Species comparisons. Females of Elenacalanus princeps are closely related to E. eltaninae, E. sverdrupi, E. inflatus and an undescribed species from the northwest Pacific. Elenacalanus princeps may be distinguished from the other four species (Table 11) by the crested head of the female (head rounded in the other four species), proximal seta of maxillule coxal epipodite absent (present in all other species), and the maxilliped endopod segment 6 with 3 setae (4 in most other species).

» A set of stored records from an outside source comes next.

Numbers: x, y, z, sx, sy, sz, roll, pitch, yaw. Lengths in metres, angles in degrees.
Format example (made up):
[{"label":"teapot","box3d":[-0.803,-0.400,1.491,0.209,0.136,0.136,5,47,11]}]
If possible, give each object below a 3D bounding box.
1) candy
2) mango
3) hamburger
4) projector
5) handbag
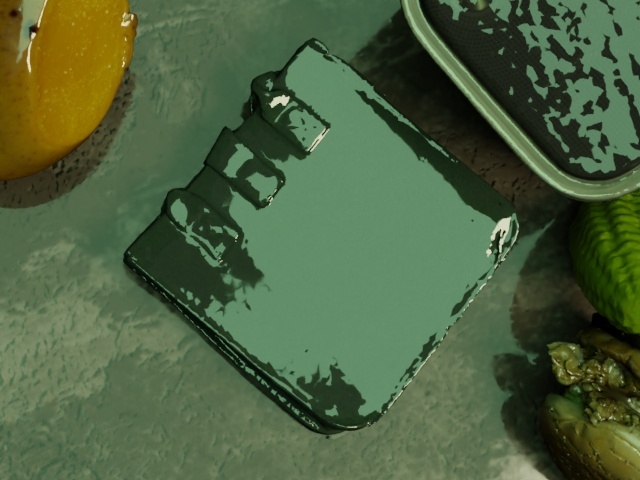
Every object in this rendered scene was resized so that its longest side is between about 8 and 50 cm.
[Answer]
[{"label":"candy","box3d":[0.251,0.021,1.392,0.096,0.209,0.097,1,110,4]},{"label":"mango","box3d":[-0.250,-0.195,1.364,0.191,0.160,0.290,23,105,29]},{"label":"hamburger","box3d":[0.246,0.144,1.404,0.185,0.159,0.131,43,84,-20]},{"label":"projector","box3d":[0.221,-0.187,1.362,0.248,0.249,0.248,-42,89,9]},{"label":"handbag","box3d":[0.000,0.001,1.431,0.260,0.079,0.247,41,81,0]}]
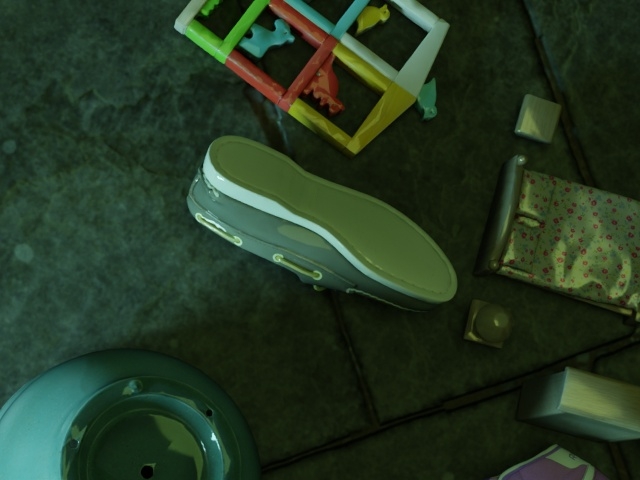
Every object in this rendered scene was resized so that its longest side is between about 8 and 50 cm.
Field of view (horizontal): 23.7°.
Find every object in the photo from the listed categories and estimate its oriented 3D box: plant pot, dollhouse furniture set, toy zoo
[{"bbox_3d":[-0.182,0.234,1.486,0.293,0.196,0.293,5,73,-17],"label":"plant pot"},{"bbox_3d":[0.337,0.036,1.647,0.303,0.174,0.356,17,78,-7],"label":"dollhouse furniture set"},{"bbox_3d":[0.010,-0.226,1.706,0.293,0.030,0.192,37,76,-2],"label":"toy zoo"}]

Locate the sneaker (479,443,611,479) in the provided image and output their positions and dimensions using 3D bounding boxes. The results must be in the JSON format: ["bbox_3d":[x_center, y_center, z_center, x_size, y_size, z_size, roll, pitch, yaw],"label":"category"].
[{"bbox_3d":[0.201,0.342,1.616,0.161,0.102,0.282,40,66,2],"label":"sneaker"}]

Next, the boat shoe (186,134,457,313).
[{"bbox_3d":[0.001,-0.003,1.637,0.305,0.091,0.109,29,40,-6],"label":"boat shoe"}]
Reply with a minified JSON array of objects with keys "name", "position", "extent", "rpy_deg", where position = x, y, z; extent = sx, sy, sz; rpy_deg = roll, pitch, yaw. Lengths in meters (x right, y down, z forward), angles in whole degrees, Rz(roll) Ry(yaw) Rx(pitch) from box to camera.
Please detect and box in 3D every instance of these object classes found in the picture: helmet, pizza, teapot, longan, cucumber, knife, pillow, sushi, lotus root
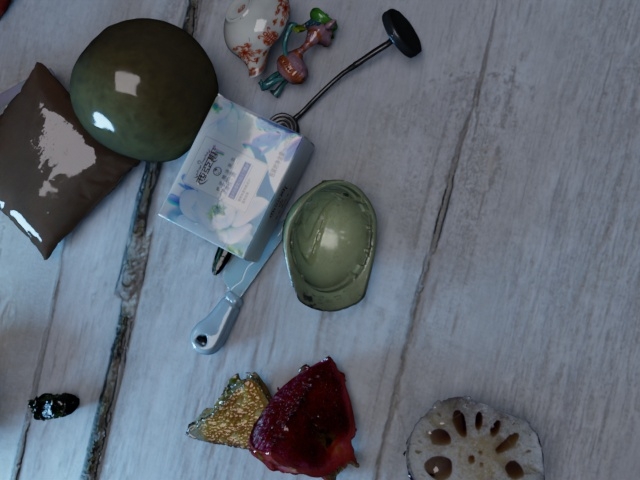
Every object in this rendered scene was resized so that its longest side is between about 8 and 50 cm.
[{"name":"helmet","position":[-0.002,0.004,1.762],"extent":[0.204,0.137,0.257],"rpy_deg":[3,95,-27]},{"name":"pizza","position":[-0.182,0.370,1.810],"extent":[0.195,0.052,0.185],"rpy_deg":[-15,90,5]},{"name":"teapot","position":[-0.129,-0.465,1.828],"extent":[0.116,0.159,0.245],"rpy_deg":[34,73,-27]},{"name":"longan","position":[-0.352,-0.303,1.790],"extent":[0.297,0.297,0.297],"rpy_deg":[-1,85,11]},{"name":"cucumber","position":[-0.183,-0.011,1.849],"extent":[0.036,0.033,0.184],"rpy_deg":[29,92,-9]},{"name":"knife","position":[-0.172,0.088,1.842],"extent":[0.080,0.044,0.331],"rpy_deg":[29,86,19]},{"name":"pillow","position":[-0.596,-0.169,1.895],"extent":[0.305,0.108,0.308],"rpy_deg":[44,95,-1]},{"name":"sushi","position":[-0.568,0.354,1.871],"extent":[0.083,0.085,0.056],"rpy_deg":[-4,85,10]},{"name":"lotus root","position":[0.285,0.441,1.643],"extent":[0.272,0.192,0.272],"rpy_deg":[-2,57,3]}]

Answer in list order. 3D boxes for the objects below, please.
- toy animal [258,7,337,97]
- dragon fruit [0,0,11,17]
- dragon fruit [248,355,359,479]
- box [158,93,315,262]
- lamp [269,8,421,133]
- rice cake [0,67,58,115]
[{"name":"toy animal","position":[-0.053,-0.390,1.821],"extent":[0.208,0.103,0.100],"rpy_deg":[-49,35,7]},{"name":"dragon fruit","position":[-0.859,-0.597,1.920],"extent":[0.240,0.330,0.302],"rpy_deg":[30,94,34]},{"name":"dragon fruit","position":[-0.023,0.392,1.728],"extent":[0.211,0.262,0.134],"rpy_deg":[50,135,-8]},{"name":"box","position":[-0.167,-0.122,1.779],"extent":[0.203,0.116,0.274],"rpy_deg":[27,91,13]},{"name":"lamp","position":[0.032,-0.334,1.793],"extent":[0.371,0.108,0.130],"rpy_deg":[-29,83,7]},{"name":"rice cake","position":[-0.738,-0.277,1.969],"extent":[0.365,0.056,0.072],"rpy_deg":[-25,81,8]}]
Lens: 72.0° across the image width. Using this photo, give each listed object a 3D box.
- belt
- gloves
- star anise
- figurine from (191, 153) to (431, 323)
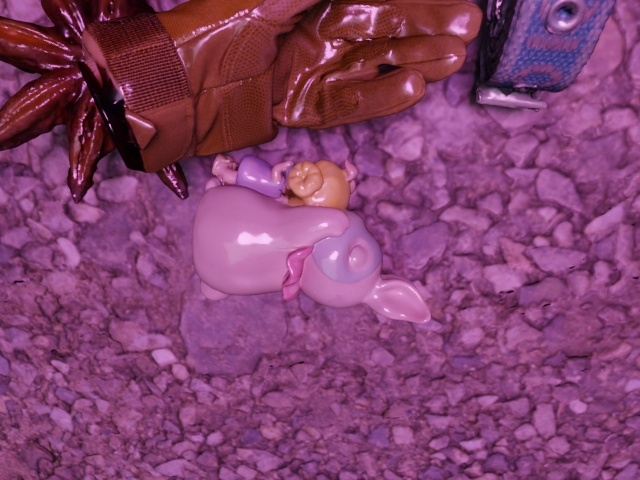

Males are known for E. princeps, E. eltaninae and E. tageae n. sp.. The male leg 5 of E. princeps has the right exopod segment 3 inner border with a proximal tuft of setules (in the other known species this border is naked). The specialised seta on the left exopod segment 2 of leg 5 in E. princeps is rather variable and the form of this seta on E. eltaninae fits within the range of variability found in M. princeps (compare Fig. 91 I–N and Fig. 100 H). Males of E. princeps and E. eltaninae are also without a seta on exopod segment 4 of the antenna. The male geniculate antennule of E. princeps has ancestral segments IX–XI fused but segment XII separate (in E. eltaninae segments IX–XII are fused), the radius of curvature of segment XX of E. princeps is shorter than in E. eltaninae and the anteroproximal border of segments XVII–XIX are thickened into flange-like extensions (these are absent in E. eltaninae).